• _RECORDS FOR THE EXERCISE_:
===
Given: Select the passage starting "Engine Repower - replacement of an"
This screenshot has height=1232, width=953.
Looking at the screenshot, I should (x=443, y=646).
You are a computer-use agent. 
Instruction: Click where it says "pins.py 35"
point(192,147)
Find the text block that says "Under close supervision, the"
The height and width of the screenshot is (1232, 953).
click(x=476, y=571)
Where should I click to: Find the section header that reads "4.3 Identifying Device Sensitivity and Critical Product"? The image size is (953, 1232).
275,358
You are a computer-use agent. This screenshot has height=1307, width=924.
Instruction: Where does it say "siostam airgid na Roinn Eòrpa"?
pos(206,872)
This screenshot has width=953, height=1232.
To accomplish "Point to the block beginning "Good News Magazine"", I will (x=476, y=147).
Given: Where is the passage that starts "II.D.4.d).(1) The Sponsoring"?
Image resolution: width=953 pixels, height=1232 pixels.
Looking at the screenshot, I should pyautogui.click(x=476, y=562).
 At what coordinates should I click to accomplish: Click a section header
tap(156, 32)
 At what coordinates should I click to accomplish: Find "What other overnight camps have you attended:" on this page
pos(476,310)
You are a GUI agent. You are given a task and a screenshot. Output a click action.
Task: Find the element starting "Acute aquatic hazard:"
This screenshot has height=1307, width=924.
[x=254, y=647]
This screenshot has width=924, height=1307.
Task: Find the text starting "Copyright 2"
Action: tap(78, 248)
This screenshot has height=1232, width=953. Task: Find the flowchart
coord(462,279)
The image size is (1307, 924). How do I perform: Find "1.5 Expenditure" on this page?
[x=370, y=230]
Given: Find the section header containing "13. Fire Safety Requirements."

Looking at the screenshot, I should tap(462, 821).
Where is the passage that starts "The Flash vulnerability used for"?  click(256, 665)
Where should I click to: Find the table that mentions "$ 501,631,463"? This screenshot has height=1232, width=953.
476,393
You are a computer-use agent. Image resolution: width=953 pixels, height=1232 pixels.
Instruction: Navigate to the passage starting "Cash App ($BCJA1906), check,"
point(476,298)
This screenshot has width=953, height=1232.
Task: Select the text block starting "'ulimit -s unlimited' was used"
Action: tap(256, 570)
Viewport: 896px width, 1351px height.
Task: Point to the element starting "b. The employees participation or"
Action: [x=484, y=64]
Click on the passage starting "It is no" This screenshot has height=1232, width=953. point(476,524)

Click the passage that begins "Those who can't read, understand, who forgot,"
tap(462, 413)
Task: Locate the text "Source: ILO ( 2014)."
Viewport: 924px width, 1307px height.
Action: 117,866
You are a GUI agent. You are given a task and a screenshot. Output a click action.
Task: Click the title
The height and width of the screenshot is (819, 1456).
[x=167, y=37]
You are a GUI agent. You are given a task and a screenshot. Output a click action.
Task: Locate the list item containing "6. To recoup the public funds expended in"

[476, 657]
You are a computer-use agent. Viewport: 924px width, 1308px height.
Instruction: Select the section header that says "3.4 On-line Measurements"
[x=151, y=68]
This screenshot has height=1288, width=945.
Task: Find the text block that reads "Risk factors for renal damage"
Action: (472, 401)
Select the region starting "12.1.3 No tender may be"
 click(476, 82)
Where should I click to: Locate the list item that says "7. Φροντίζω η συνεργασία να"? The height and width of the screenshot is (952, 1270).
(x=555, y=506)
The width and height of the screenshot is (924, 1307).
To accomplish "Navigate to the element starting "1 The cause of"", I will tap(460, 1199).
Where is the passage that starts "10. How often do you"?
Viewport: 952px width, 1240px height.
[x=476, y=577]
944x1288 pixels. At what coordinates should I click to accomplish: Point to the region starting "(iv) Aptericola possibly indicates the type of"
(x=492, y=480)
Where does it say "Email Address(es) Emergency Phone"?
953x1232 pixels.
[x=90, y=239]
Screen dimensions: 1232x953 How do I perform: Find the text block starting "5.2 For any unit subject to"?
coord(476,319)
===
• _YOUR GOAL_:
Go through the records line by line, and copy each line that holds the string "agent".

• _COMPLETED EXERCISE_:
You are a computer-use agent. 
You are a computer-use agent. This screenshot has height=1307, width=924.
You are a GUI agent. You are given a task and a screenshot. Output a click action.
You are a computer-use agent. Image resolution: width=953 pixels, height=1232 pixels.
You are a GUI agent. You are given a task and a screenshot. Output a click action.
You are a GUI agent. You are given a task and a screenshot. Output a click action.
You are a computer-use agent. Viewport: 924px width, 1308px height.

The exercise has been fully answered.